Task goal:
Please repeat the listing below in its entirety, exactly.

------ Excerpted records

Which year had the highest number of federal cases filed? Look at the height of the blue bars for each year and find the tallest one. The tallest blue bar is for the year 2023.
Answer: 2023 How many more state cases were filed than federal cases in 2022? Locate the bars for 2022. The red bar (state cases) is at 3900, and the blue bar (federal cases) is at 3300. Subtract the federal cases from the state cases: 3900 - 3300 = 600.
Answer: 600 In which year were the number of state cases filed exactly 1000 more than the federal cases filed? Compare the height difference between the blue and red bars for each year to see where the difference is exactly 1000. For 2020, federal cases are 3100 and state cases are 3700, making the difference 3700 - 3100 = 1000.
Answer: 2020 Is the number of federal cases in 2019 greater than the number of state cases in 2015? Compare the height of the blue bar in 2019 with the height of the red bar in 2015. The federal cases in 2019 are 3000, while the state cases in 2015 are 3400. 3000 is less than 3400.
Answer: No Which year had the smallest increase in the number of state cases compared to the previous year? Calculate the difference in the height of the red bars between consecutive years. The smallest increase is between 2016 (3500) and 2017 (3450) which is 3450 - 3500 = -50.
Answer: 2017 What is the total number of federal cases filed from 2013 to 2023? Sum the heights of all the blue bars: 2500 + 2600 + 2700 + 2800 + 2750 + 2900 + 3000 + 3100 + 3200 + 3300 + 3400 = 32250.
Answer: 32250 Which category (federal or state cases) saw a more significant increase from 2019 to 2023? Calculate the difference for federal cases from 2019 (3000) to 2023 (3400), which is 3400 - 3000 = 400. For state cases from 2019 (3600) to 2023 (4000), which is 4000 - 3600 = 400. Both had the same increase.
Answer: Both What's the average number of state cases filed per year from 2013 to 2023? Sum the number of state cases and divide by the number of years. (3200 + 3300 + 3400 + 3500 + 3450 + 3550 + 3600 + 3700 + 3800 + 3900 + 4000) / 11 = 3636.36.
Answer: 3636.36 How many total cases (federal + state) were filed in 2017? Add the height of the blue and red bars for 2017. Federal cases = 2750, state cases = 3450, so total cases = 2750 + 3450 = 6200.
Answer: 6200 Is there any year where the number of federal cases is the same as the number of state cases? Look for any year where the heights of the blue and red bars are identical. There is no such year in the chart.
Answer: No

------------

Output for this exercise:
Which year had the highest number of federal cases filed? Look at the height of the blue bars for each year and find the tallest one. The tallest blue bar is for the year 2023.
Answer: 2023 How many more state cases were filed than federal cases in 2022? Locate the bars for 2022. The red bar (state cases) is at 3900, and the blue bar (federal cases) is at 3300. Subtract the federal cases from the state cases: 3900 - 3300 = 600.
Answer: 600 In which year were the number of state cases filed exactly 1000 more than the federal cases filed? Compare the height difference between the blue and red bars for each year to see where the difference is exactly 1000. For 2020, federal cases are 3100 and state cases are 3700, making the difference 3700 - 3100 = 1000.
Answer: 2020 Is the number of federal cases in 2019 greater than the number of state cases in 2015? Compare the height of the blue bar in 2019 with the height of the red bar in 2015. The federal cases in 2019 are 3000, while the state cases in 2015 are 3400. 3000 is less than 3400.
Answer: No Which year had the smallest increase in the number of state cases compared to the previous year? Calculate the difference in the height of the red bars between consecutive years. The smallest increase is between 2016 (3500) and 2017 (3450) which is 3450 - 3500 = -50.
Answer: 2017 What is the total number of federal cases filed from 2013 to 2023? Sum the heights of all the blue bars: 2500 + 2600 + 2700 + 2800 + 2750 + 2900 + 3000 + 3100 + 3200 + 3300 + 3400 = 32250.
Answer: 32250 Which category (federal or state cases) saw a more significant increase from 2019 to 2023? Calculate the difference for federal cases from 2019 (3000) to 2023 (3400), which is 3400 - 3000 = 400. For state cases from 2019 (3600) to 2023 (4000), which is 4000 - 3600 = 400. Both had the same increase.
Answer: Both What's the average number of state cases filed per year from 2013 to 2023? Sum the number of state cases and divide by the number of years. (3200 + 3300 + 3400 + 3500 + 3450 + 3550 + 3600 + 3700 + 3800 + 3900 + 4000) / 11 = 3636.36.
Answer: 3636.36 How many total cases (federal + state) were filed in 2017? Add the height of the blue and red bars for 2017. Federal cases = 2750, state cases = 3450, so total cases = 2750 + 3450 = 6200.
Answer: 6200 Is there any year where the number of federal cases is the same as the number of state cases? Look for any year where the heights of the blue and red bars are identical. There is no such year in the chart.
Answer: No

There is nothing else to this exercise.